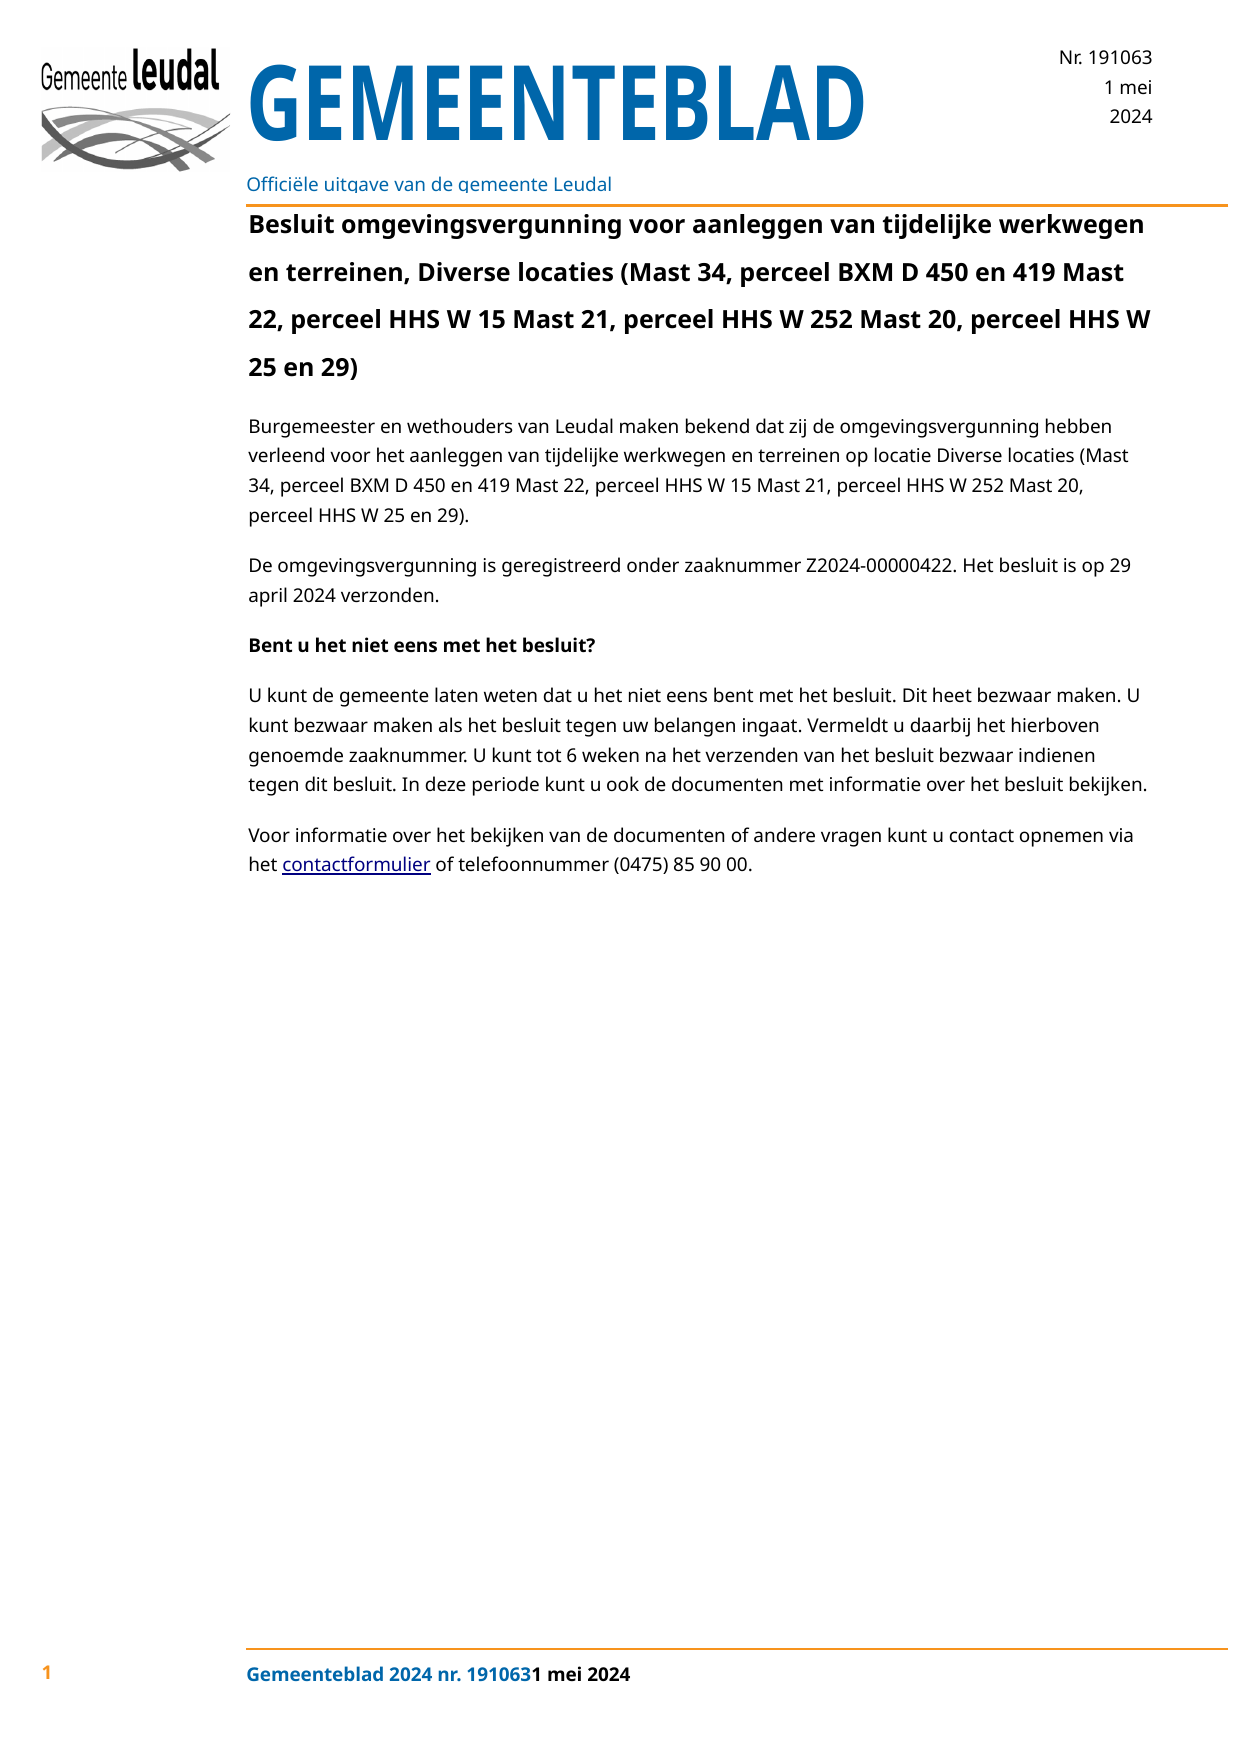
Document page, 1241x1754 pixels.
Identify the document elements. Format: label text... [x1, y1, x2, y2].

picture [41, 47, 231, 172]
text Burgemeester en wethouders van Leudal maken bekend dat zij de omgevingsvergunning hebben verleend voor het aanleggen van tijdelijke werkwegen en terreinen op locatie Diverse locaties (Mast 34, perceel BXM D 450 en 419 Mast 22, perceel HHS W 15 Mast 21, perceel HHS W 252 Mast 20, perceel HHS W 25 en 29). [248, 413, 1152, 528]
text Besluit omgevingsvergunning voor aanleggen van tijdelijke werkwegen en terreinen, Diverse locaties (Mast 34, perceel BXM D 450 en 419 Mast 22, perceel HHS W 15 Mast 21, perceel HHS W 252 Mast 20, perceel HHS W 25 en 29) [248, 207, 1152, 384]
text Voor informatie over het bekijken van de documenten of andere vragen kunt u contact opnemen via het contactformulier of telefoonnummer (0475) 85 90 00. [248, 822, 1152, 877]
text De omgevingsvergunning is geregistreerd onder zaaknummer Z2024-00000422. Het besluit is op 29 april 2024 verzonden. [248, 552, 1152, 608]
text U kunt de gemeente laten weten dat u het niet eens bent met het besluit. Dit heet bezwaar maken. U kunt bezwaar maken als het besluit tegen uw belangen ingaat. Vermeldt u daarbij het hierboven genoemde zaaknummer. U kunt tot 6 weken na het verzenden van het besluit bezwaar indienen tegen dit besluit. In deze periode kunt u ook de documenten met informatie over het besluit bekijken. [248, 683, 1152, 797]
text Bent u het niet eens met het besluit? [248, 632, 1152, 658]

——

- _TO DO_: Using the records above, write out exactly the lines from the one containing "text Voor informatie" through the last, and add nothing.

- _RESPONSE FOR THIS EXERCISE_:
text Voor informatie over het bekijken van de documenten of andere vragen kunt u contact opnemen via het contactformulier of telefoonnummer (0475) 85 90 00. [248, 822, 1152, 877]
text De omgevingsvergunning is geregistreerd onder zaaknummer Z2024-00000422. Het besluit is op 29 april 2024 verzonden. [248, 552, 1152, 608]
text U kunt de gemeente laten weten dat u het niet eens bent met het besluit. Dit heet bezwaar maken. U kunt bezwaar maken als het besluit tegen uw belangen ingaat. Vermeldt u daarbij het hierboven genoemde zaaknummer. U kunt tot 6 weken na het verzenden van het besluit bezwaar indienen tegen dit besluit. In deze periode kunt u ook de documenten met informatie over het besluit bekijken. [248, 683, 1152, 797]
text Bent u het niet eens met het besluit? [248, 632, 1152, 658]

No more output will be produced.